Task brief: All of the listing should be output exactly, apart from the pictures.

Segment Start: Data for processing

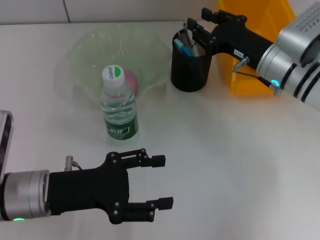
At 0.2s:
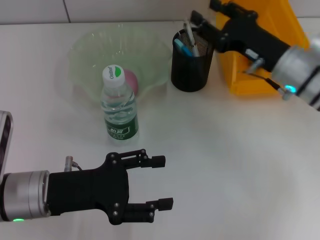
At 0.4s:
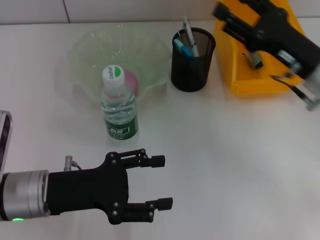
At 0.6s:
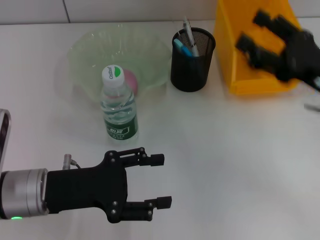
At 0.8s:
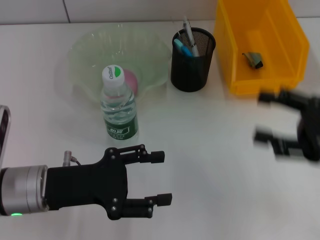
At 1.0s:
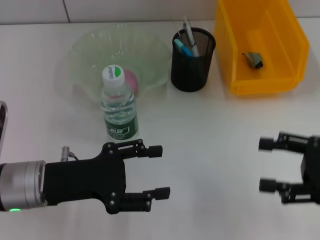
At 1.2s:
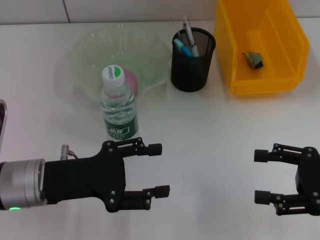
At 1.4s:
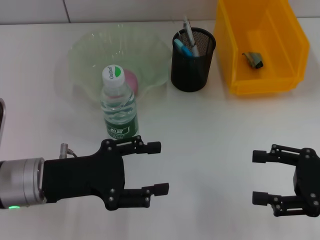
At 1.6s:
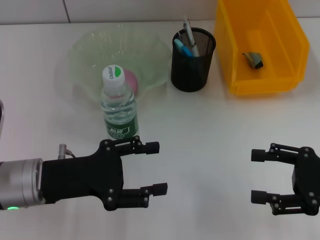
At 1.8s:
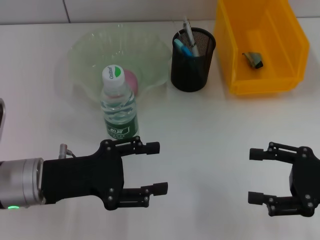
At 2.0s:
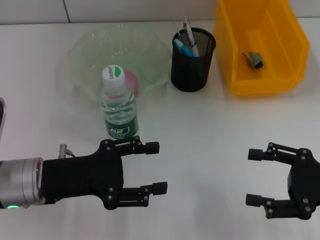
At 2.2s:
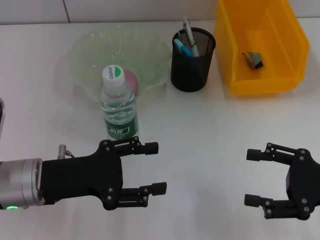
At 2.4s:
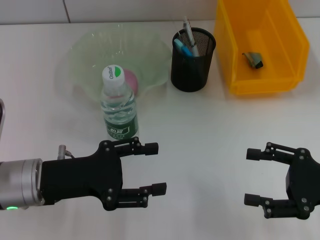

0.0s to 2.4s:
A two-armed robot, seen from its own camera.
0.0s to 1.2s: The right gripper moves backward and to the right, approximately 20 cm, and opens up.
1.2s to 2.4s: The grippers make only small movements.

Segment End: Data for processing

Task result:
At 0.2s:
At 0.4s:
At 0.6s:
At 0.8s:
At 1.0s:
At 1.2s:
At 1.4s:
At 1.6s:
At 1.8s:
At 2.0s:
At 2.2s:
At 2.4s:

0.0s to 2.4s:
A two-armed robot, seen from its own camera.
0.0s to 1.2s: The right gripper moves backward and to the right, approximately 20 cm, and opens up.
1.2s to 2.4s: The grippers make only small movements.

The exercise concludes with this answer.